Corría el primer semestre del año 2009 cuando recibí un diagnóstico que lo cambiaría todo en mi vida. Casi sin darme cuenta, llegué a ser una persona con diabetes mellitus tipo 1. “Eres muy joven para tener eso”, me decía todo el que se enteraba de la no tan buena nueva. “Pero, ¿cómo así?... ¿esto será para siempre?”, preguntaban con cara de consternación. “Cata, tú estás bien; eso va a desaparecer muy pronto”, aseguraban los incrédulos que se negaban, con su visión de un futuro libre de enfermedad, a esta realidad que había llegado para alojarse en mí. Desde entonces, vivir con diabetes (cuyo día mundial se conmemora cada 14 de noviembre) ha implicado aprender y reaprenderlo todo, sabiendo que más allá de cualquier desafío que enfrente a nivel personal o profesional, a diario encaro una misión titánica que requiere coraje, entereza y mucha más autoestima que autocompasión.

Quizás por eso último suele ser tan chocante el hecho de que a las personas con diabetes en ocasiones nos quieran hacer sentir que no estamos haciendo lo correcto o que no estamos siendo lo suficientemente cuidadosos como para merecer una vida plácida. Para quienes ―como yo― desde el día en que fueron diagnosticados con diabetes escucharon las consecuencias potenciales de padecer este mal, que casi todos temen, seguir vivos y bien, sin ánimos de hiperbolizar, es más que una proeza. Quedarnos ciegos o perder un pie o una pierna hacen parte de la nefasta lista que resalta todo que nos puede ocurrir si no somos conscientes de lo que debemos hacer y, a su vez, dejar de hacer con el objetivo de sobrevivir. Para tratar esta u otra afección, seguir las recomendaciones médicas es apenas obvio. Pero para que exista un bienestar integral es fundamental que el trato que recibamos las personas con diabetes (o con cualquier otra condición de salud) no solo sea como pacientes, sino también ―y en mayor medida― como humanos.

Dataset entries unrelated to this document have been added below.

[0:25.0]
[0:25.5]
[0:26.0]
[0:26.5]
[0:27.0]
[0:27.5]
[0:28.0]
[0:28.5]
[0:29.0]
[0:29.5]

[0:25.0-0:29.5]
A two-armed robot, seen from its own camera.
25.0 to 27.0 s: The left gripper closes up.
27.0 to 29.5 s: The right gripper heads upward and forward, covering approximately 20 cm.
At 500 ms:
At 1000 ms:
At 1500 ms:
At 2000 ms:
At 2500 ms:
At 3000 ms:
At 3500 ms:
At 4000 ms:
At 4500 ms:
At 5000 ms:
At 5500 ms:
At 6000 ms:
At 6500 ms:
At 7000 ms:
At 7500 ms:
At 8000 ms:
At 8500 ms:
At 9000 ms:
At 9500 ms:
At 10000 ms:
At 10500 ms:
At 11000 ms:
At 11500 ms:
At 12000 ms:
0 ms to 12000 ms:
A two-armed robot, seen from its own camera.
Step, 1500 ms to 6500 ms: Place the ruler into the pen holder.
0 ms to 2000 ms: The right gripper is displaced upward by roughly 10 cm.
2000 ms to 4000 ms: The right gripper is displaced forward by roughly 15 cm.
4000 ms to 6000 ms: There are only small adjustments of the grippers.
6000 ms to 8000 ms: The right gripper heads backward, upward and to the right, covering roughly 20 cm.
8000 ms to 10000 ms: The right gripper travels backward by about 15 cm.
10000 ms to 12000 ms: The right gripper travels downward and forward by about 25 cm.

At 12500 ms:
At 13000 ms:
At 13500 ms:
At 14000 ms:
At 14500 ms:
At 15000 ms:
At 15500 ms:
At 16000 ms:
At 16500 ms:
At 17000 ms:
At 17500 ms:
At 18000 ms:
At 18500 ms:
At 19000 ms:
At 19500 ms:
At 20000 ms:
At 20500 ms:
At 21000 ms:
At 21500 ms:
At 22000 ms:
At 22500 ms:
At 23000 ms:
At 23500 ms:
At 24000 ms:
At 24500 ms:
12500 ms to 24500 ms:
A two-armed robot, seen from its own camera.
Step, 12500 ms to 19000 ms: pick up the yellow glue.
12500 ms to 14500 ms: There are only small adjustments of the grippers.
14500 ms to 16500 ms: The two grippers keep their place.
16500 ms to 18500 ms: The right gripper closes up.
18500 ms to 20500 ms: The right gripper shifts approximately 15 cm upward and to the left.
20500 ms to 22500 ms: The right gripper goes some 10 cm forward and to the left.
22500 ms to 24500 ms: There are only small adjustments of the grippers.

Tener diabetes no es una sentencia de muerte. Tener diabetes no representa una pena. Tampoco es el octavo pecado capital llevar una diabetes mal controlada. El que por diversas circunstancias la vida nos haya conducido hacia una situación que, de entrada, no fue deseada no puede ser causal de culpabilidad. No debemos ser culpados por los demás, ni mucho menos culparnos a nosotros mismos de nuestra condición. Por muy compleja que sea, una enfermedad no puede estigmatizarse como un castigo. Quienes vivimos con ella no estamos condenados a diabetes perpetua. Por ende, no merecemos ser juzgados. Una persona con diabetes es, en esencia, una persona. Que nadie deje de lado eso… en especial, nosotros mismos.